The shelf life of a model, similar to the update schedule itself, can be dependent on time only or a combination of other metrics or factors. For example, it could be that when the underlying data distribution looks X% different, then the model should be evaluated on Y criteria for whether it is still valid.


Completing all these steps of documenting an update process can be incredibly valuable both for people who will use the model and for the people building the model. For people using the model, they get more reliability and can better plan around the model based on update processes. For the people building the model, planning ahead for the update process can encourage an intentional approach and schedule up front. It also may encourage more precaution if the model developers have to document changes later, in the tradeoff between speed of progress and a precautionary principle.

There may be liability or timeline risks with thoroughly documenting the update process if the team misses deadlines or is locked into deadlines. One way to mitigate these risks would be to build in criteria/metric gates for updates rather than a hard timeline. For example, the update process might begin when X metric reaches Y level or one year from the publication date, whichever is earlier. Building in sufficient time to do the update is also important because some updates are simple but others can take a long time if they are larger updates. Explorations related to the following research questions could uncover insights into barriers to implementation along with mitigation strategies to overcome those barriers.

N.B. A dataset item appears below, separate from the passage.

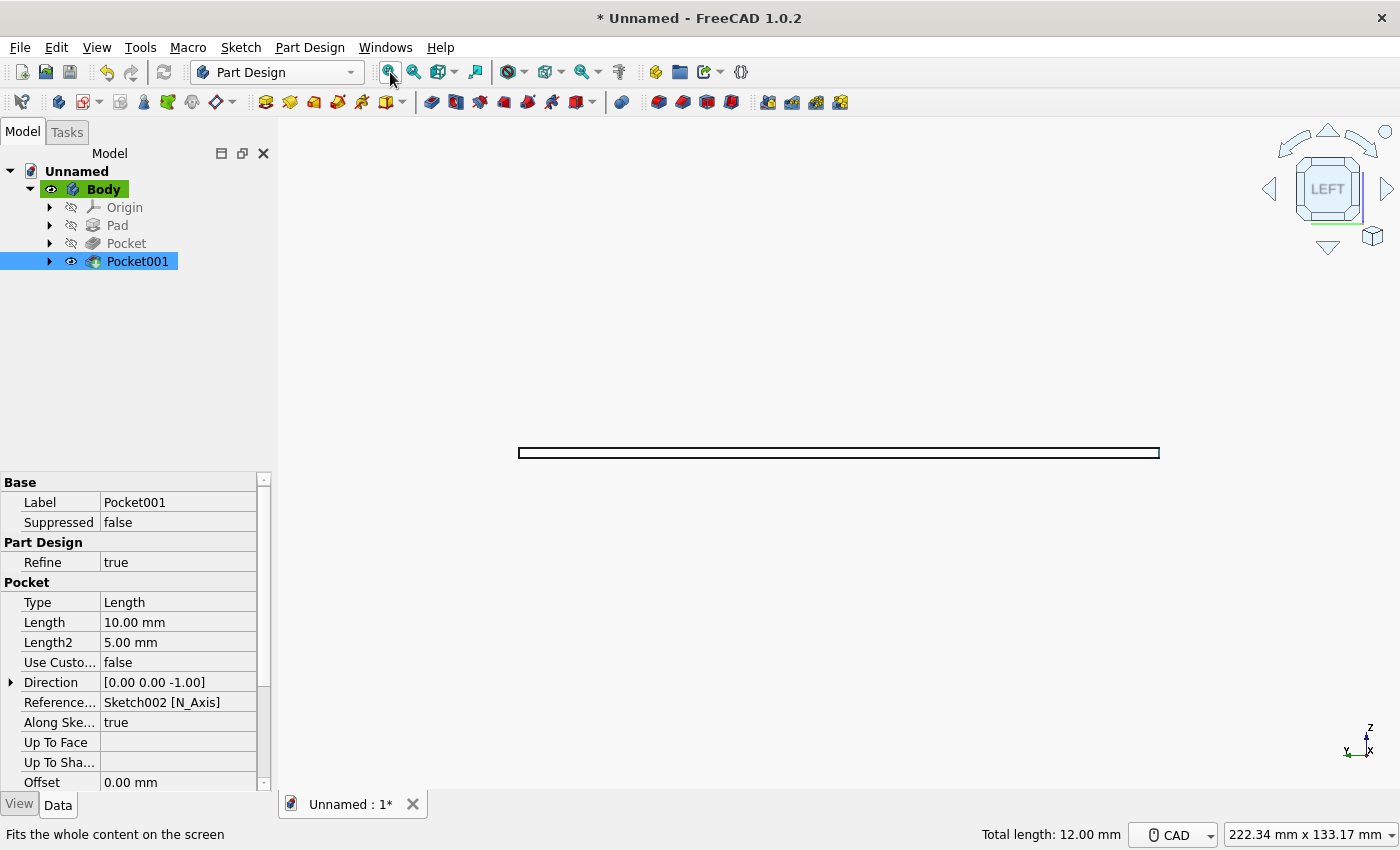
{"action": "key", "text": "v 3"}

Sample Documentation Questions

  • Does the service implement and perform any bias detection and remediation? (Arnold et al. 2018)
  • When were the models last updated? (Arnold et al. 2018)

Promising Interventions

Those attempting documentation practices within any phase of the machine learning lifecycle can consider potential misuse by paying particular attention to:

  1. Determining the auditing method
  2. Archiving the old model (versioning for safety and recovery)